WHAT IS BEING ASKED
For the records below, print the lines from the line with "Horizontal field of view: 54.7 degrees." through the line with "#5 metal tray at [166, 52, 308, 175]" exactly as written; include both end lines and exclude the rest.

※

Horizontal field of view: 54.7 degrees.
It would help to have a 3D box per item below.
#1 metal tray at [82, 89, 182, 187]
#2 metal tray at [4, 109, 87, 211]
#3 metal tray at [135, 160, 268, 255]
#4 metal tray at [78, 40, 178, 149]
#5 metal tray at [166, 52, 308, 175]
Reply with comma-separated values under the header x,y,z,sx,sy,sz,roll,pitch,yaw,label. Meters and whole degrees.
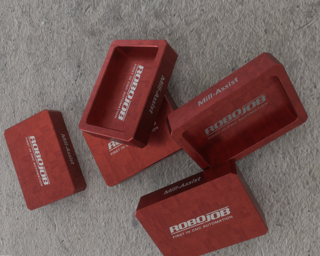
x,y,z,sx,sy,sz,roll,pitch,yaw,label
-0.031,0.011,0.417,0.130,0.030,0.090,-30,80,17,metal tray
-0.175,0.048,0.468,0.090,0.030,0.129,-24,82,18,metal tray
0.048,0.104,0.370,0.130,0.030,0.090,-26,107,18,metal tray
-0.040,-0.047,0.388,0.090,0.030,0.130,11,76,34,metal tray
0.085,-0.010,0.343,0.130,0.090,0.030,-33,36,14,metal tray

※

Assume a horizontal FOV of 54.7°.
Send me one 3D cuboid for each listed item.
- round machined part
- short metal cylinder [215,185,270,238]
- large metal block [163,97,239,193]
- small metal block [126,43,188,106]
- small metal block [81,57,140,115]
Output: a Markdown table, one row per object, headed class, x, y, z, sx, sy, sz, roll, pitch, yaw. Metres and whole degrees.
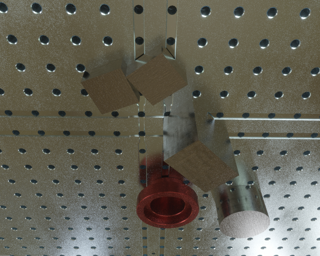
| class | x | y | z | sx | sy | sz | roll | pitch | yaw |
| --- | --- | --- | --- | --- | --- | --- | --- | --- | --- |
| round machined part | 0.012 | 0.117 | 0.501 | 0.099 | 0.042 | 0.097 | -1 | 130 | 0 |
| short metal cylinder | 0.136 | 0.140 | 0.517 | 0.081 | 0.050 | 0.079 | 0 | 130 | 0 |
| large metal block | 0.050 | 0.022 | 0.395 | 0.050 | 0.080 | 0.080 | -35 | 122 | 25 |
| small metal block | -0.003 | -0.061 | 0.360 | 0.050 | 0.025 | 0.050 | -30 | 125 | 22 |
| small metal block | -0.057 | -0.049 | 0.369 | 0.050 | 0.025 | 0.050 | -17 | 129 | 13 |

※

THE ANSWER
Horizontal field of view: 54.7 degrees.
It would help to have a 3D box per item below.
#1 metal tray at [82, 89, 182, 187]
#2 metal tray at [4, 109, 87, 211]
#3 metal tray at [135, 160, 268, 255]
#4 metal tray at [78, 40, 178, 149]
#5 metal tray at [166, 52, 308, 175]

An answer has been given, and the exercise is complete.